Illicit large-scale distillation by cloning Claude and his safety risks
Image generated with IA.

According to Anthropic's research, the three attacking laboratories had differentiated objectives: some focused on complex reasoning capabilities and responses that allow for evading censors, others on the model's ability to use tools or generate code, and others on computer vision capabilities and agents that interact with software. What is striking is the scale: millions of exchanges orchestrated through networks of fraudulent accounts and proxies that distribute traffic to make detection difficult. Anthropic even points out that in one case a single proxy network operated more than 20,000 false accounts at a time, mixing malicious traffic with legitimate requests to camouflage the abuse.

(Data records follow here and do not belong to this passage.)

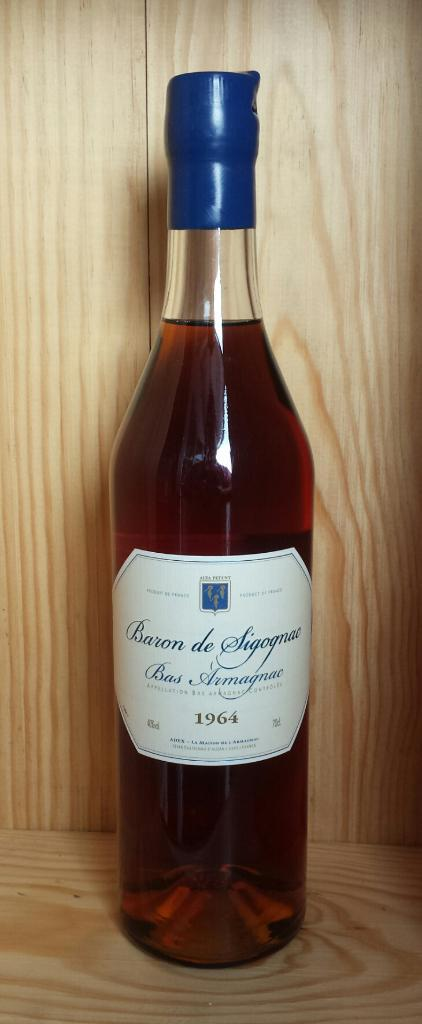<image>
Give a short and clear explanation of the subsequent image. A bottle with the year 1964 on it 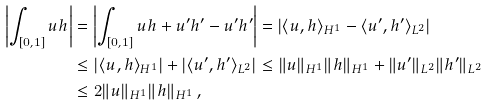<formula> <loc_0><loc_0><loc_500><loc_500>\left | \int _ { [ 0 , 1 ] } u h \right | & = \left | \int _ { [ 0 , 1 ] } u h + u ^ { \prime } h ^ { \prime } - u ^ { \prime } h ^ { \prime } \right | = \left | \langle u , h \rangle _ { H ^ { 1 } } - \langle u ^ { \prime } , h ^ { \prime } \rangle _ { L ^ { 2 } } \right | \\ & \leq \left | \langle u , h \rangle _ { H ^ { 1 } } \right | + \left | \langle u ^ { \prime } , h ^ { \prime } \rangle _ { L ^ { 2 } } \right | \leq \| u \| _ { H ^ { 1 } } \| h \| _ { H ^ { 1 } } + \| u ^ { \prime } \| _ { L ^ { 2 } } \| h ^ { \prime } \| _ { L ^ { 2 } } \\ & \leq 2 \| u \| _ { H ^ { 1 } } \| h \| _ { H ^ { 1 } } \, ,</formula> 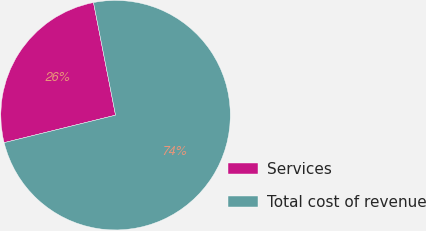<chart> <loc_0><loc_0><loc_500><loc_500><pie_chart><fcel>Services<fcel>Total cost of revenue<nl><fcel>25.77%<fcel>74.23%<nl></chart>

Behind that technical costume there are implications that go beyond commercial competition. Uncontrolled copied models may lose the barriers designed to avoid harmful uses, which makes it easier for state actors or groups for malicious purposes to adapt and "build" IA capabilities for disinformation, mass surveillance or offensive cyberoperations. Anthropic points out this because, in his view, the models resulting from illicit distillation are more likely to lack security and mitigation, and therefore represent a risk vector for national security and public stability. To expand the context on the relationship between IA technologies and security threats, there are analyses of bodies such as the European Union Agency for Cybersecurity (ENISA) that explore the threat landscape associated with the IA: ENISA - Artificial Intelligence Threat Landscape.

The operational mechanics of the revealed campaigns is instructive: access to Claude was obtained through accounts created for fraudulent purposes and through intermediaries that resell access to large-scale models. These proxy platforms usually use "hydra cluster" architectures that allow to replace blocked accounts with new ones without interrupting the extraction. To identify and attribute the campaigns, Anthropic combined signals such as request metadata, IP address correlation and other infrastructure indicators, allowing him to link specific patterns to each laboratory involved and to determine that the requests did not respond to normal use but to a deliberate extraction effort.

In the face of this threat, Anthropic's technical response has included the development of classifiers and behavioral footprint systems that detect characteristic patterns of these attacks on API traffic, as well as enhanced verification measures for academic accounts and research and startups programs. They have also implemented safeguards to reduce the usefulness of model responses to train illicit copies. Anthropic provides more information on the measures and trade restrictions it applies in another public note: Updating restrictions of sales to unsupported regions.

This case is not isolated. In recent times, other IA providers have reported similar attempts at extraction and distillation on their models, which evidence a systemic problem in the APIs ecosystem and IA services. The academic and technical literature on model extraction has collected similar techniques for years and documents why APIs can be vulnerable when predictions become raw material to train replicas. A representative work in this field is the study that analyzes the theft of models through public APIs: Stealing Machine Learning Models via Prediction APIs (arXiv).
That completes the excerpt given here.